Re: [PERFORM] Improve performance of query

2004-12-17 Thread John A Meinel
The first thing to check... Did you do a recent VACUUM ANALYZE? This 
updates all the statistics. There are a number of places where it says 
"rows=1000" which is usually the "I have no idea, let me guess 1000". 
Also, there are a number of places where the estimates are pretty far 
off. For instance:

Richard Rowell wrote:
->  Subquery Scan "*SELECT* 1"  (cost=0.00..64034.15 rows=10540 width=24) (actual time=279.089..4419.371 rows=161 loops=1)
 

estimating 10,000 when only 161 is a little bit different.
->  Seq Scan on da_answer a  (cost=0.00..63928.75 rows=10540 width=24) (actual time=279.080..4418.808 rows=161 loops=1)
  Filter: ((date_effective <= 99::double precision) AND (inactive <> 1) AND (subplan))
 

Though this could be a lack of cross-column statistics. If 2 columns are 
correlated, the planner isn't as accurate as it could be. Also, 
date_effective <= 99 doesn't seem very restrictive, could you 
use a between statement? (date between 0 and 999). I know for 
timestamps usually giving a between is better than a single sided query.

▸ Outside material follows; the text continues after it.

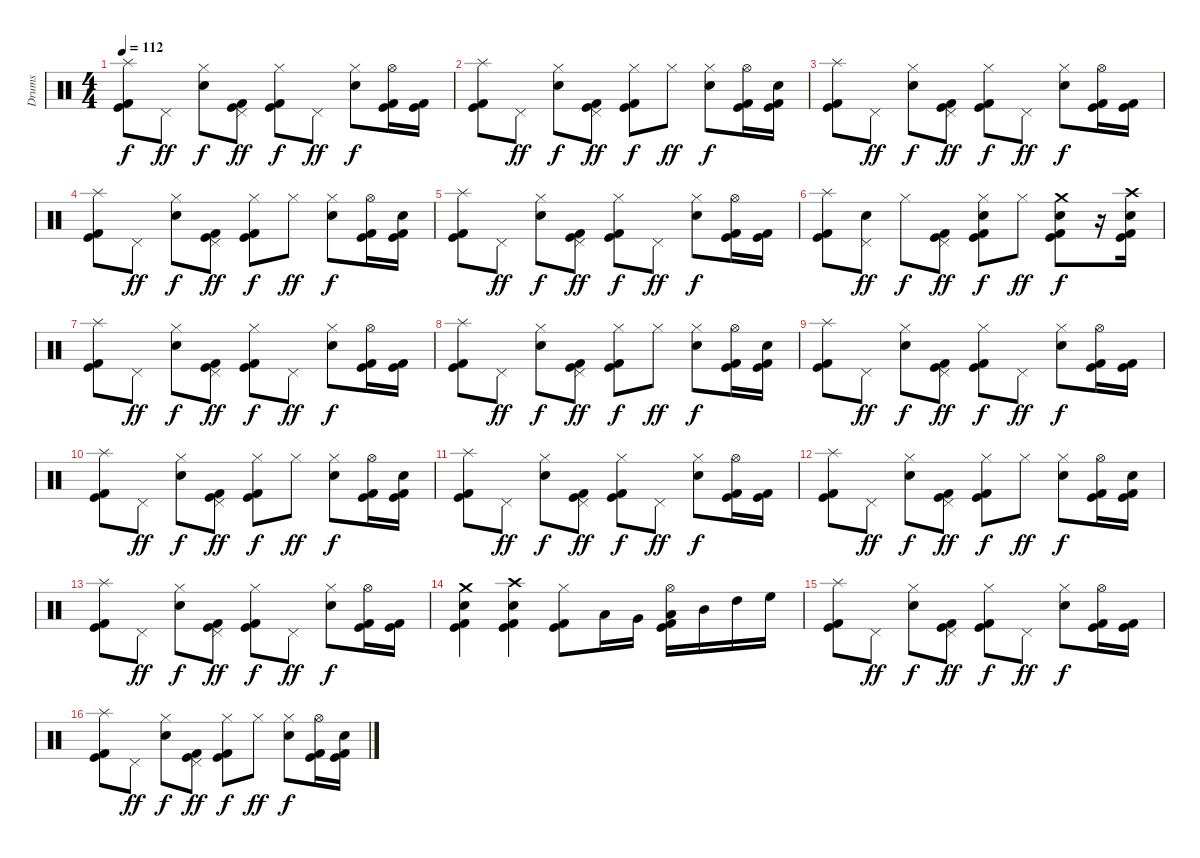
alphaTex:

This one was underestimated.
->  Subquery Scan "*SELECT* 2"  (cost=988627.58..989175.52 rows=2799 width=24) (actual time=290.730..417.720 rows=7556 loops=1)
->  Hash Join  (cost=988627.58..989147.53 rows=2799 width=24) (actual time=290.722..395.739 rows=7556 loops=1)
  Hash Cond: ("outer".main_id = "inner".uid)
 

This is one of the ones that looks like it didn't have any ideas. It 
could be because of the function. You might consider adding a function 
index, though I think there are some caveats there.

->  Function Scan on svp_getparentproviderids  (cost=0.00..12.50 rows=1000 width=4) (actual time=0.473..0.474 rows=1 loops=1)
 

Another very poor estimation. It might be a need to increase the 
statistics for this column (ALTER TABLE, ALTER COLUMN, SET STATISTICS). 
IIRC, compared with other db's postgres defaults to a much lower 
statistics value. Try changing it from 10 (?) to 100 or so. There was a 
discussion that every column with an index should use higher statistics.

->  Index Scan using in_da_dr_type_provider on da_data_restrict  (cost=0.00..145.50 rows=46 width=8) (actual time=0.041..26.627 rows=7280 loops=1)
 

I'm not a great optimizer, these are just some first things to look at. 
Your sort mem seems pretty low to me (considering you have 1GB of RAM). 
Perhaps you could bump that up to 40MB instead of 4MB. Also, if you run 
this query twice in a row, is it still slow? (Sometimes it takes a bit 
of work to get the right indexes loaded into ram, but then it is faster.)

Just some guesses,
John
=:->


signature.asc
Description: OpenPGP digital signature


Re: [PERFORM] Improve performance of query

2004-12-16 Thread Tom Lane
Richard Rowell <[EMAIL PROTECTED]> writes:
> I'm trying to port our application from MS-SQL to Postgres.  We have
> implemented all of our rather complicated application security in the
> database.  The query that follows takes a half of a second or less on
> MS-SQL server and around 5 seconds on Postgres.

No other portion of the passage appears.